Irresponsible

Irresponsible

A Story by Liang Hsiu-Shan

My life has been that of boredom, I was of average upbringing, not achieving much in my lifetime but there is an allure to my life, a calming effect so to say. Would you like to hear it?


I was born to a tailoring family up in the mountains, we were of average standing in society, not having too much nor too little. I neither had the finger wits nor the creative mind of a tailor but what I had was a thirst for books, I would lose myself in books, through hot summers and cold winters, I’d read every book I could get my hands on. From Schopenhauer to Kierkegaard, from Akutagawa to Sōseki, I’d bury myself in books as if to hide from my weakness in my family, I had become a black sheep of the family.

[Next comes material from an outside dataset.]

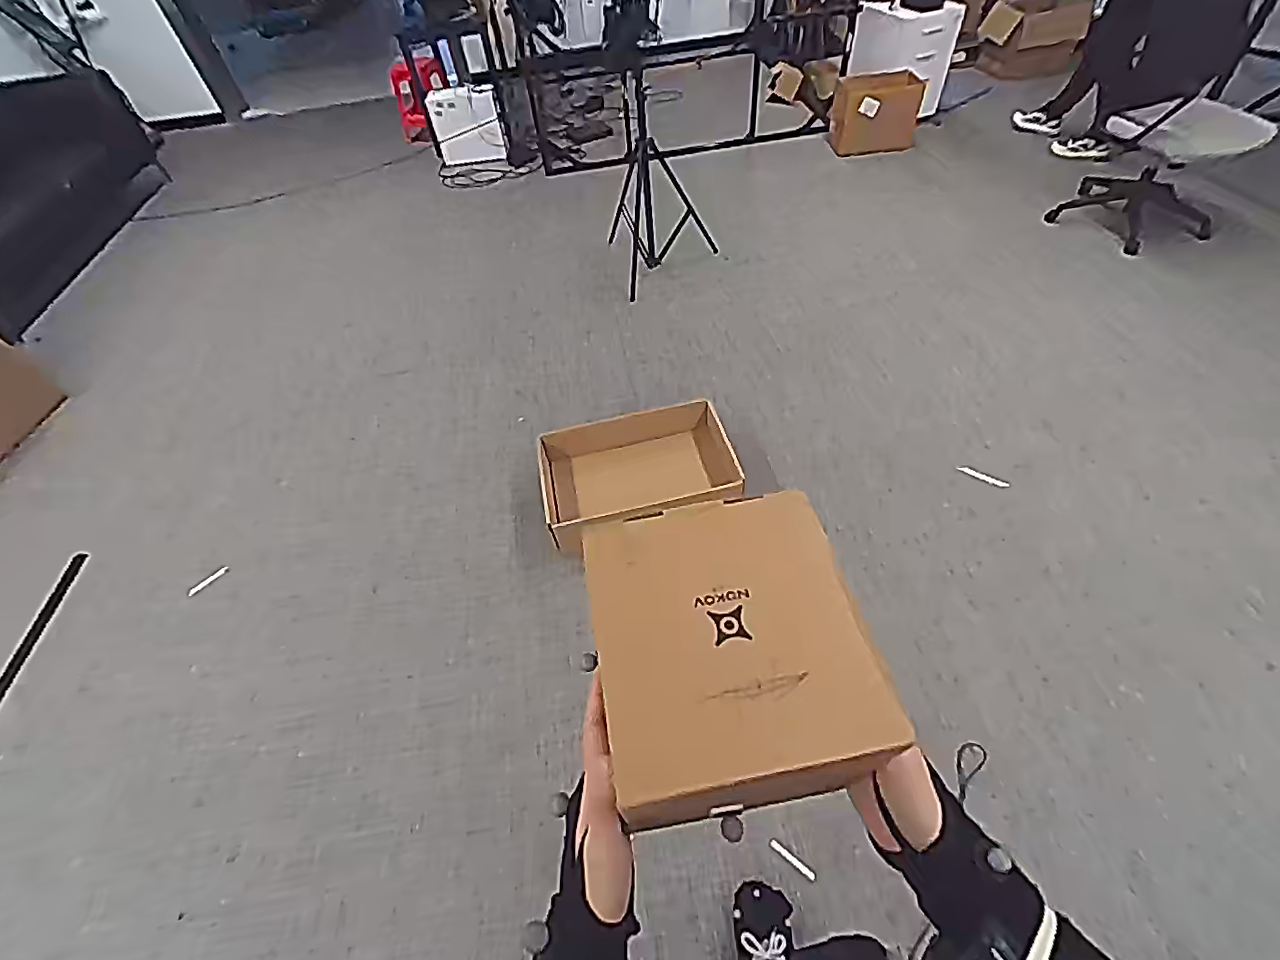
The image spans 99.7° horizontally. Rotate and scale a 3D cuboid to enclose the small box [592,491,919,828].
[{"bbox_3d":[0.061,0.136,0.402,0.168,0.176,0.179,-10,54,-5],"label":"small box"}]

My father was tired of my refusal to carry the family tradition of being a tailor as I saw no future in it. As for that reason, he would frequently beat me to force the man into me, to beat me into submission but then I made a deal with him, it was if I were able to attain employment at a prestigious company and work my way up the ladder, he would leave me be.

So then from the day I made that deal, I worked hard, going through sleepless nights and tired days to study hard and soon I got a master’s in aeronautic engineering. I got a job designing aeroplanes for a well-known company that designs commercial aeroplanes for air travel.

But soon, the war came and we were tasked with designing fighter planes and bombers for the navy, since I was the more certified amongst my colleagues and due to my past of designing commercially successful aeroplanes, I was tasked with designing the fighter planes, I left very little room for ammunition as I did not wish to see my works destroying the lives of innocents however the navy would not accept such reason so I kept my intentions a secret.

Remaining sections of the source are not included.